■ DIRECTIONS FOR THIS TASK:
Go through the data below and copy each line that includes "moment".
───── SUPPLIED DATA ─────
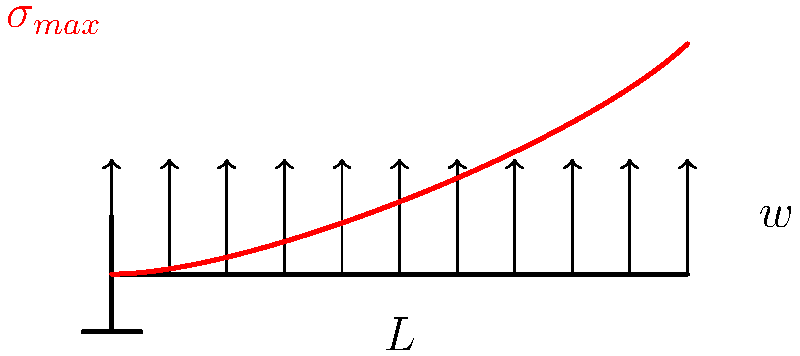In your latest Hellboy-inspired art installation, you've designed a cantilever beam to support a heavy prop. The beam has length $L$ and is subjected to a uniformly distributed load $w$. If the beam has a rectangular cross-section with width $b$ and height $h$, what is the maximum bending stress $\sigma_{max}$ at the fixed end in terms of $w$, $L$, $b$, and $h$? To find the maximum bending stress in the cantilever beam, we'll follow these steps:

1. Determine the maximum bending moment:
   For a cantilever beam with uniformly distributed load $w$, the maximum bending moment occurs at the fixed end:
   $$M_{max} = \frac{wL^2}{2}$$

2. Calculate the moment of inertia for a rectangular cross-section:
   $$I = \frac{bh^3}{12}$$

3. Find the distance from the neutral axis to the outermost fiber:
   $$y = \frac{h}{2}$$

4. Apply the flexure formula to calculate the maximum bending stress:
   $$\sigma_{max} = \frac{M_{max}y}{I}$$

5. Substitute the expressions for $M_{max}$, $y$, and $I$:
   $$\sigma_{max} = \frac{(\frac{wL^2}{2})(\frac{h}{2})}{(\frac{bh^3}{12})}$$

6. Simplify the expression:
   $$\sigma_{max} = \frac{6wL^2}{bh^2}$$

This final expression gives the maximum bending stress at the fixed end of the cantilever beam in terms of the given parameters.
Answer: $\sigma_{max} = \frac{6wL^2}{bh^2}$ 
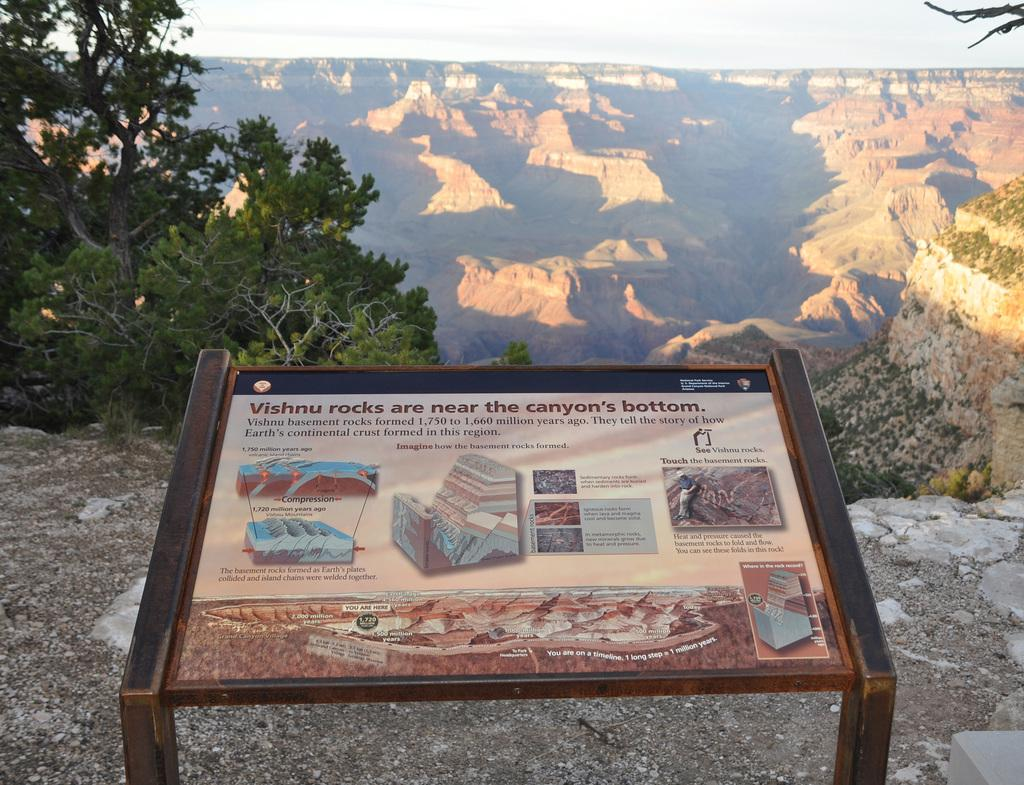What is the main object in the center of the image? There is a board in the center of the image. What can be seen in the background of the image? There are trees and rocks in the background of the image. What is visible above the trees and rocks in the image? The sky is visible in the background of the image. What type of ray is visible in the image? There is no ray present in the image.
─────
■ RESULT OF THE EXERCISE:
1. Determine the maximum bending moment:
   For a cantilever beam with uniformly distributed load $w$, the maximum bending moment occurs at the fixed end:
2. Calculate the moment of inertia for a rectangular cross-section:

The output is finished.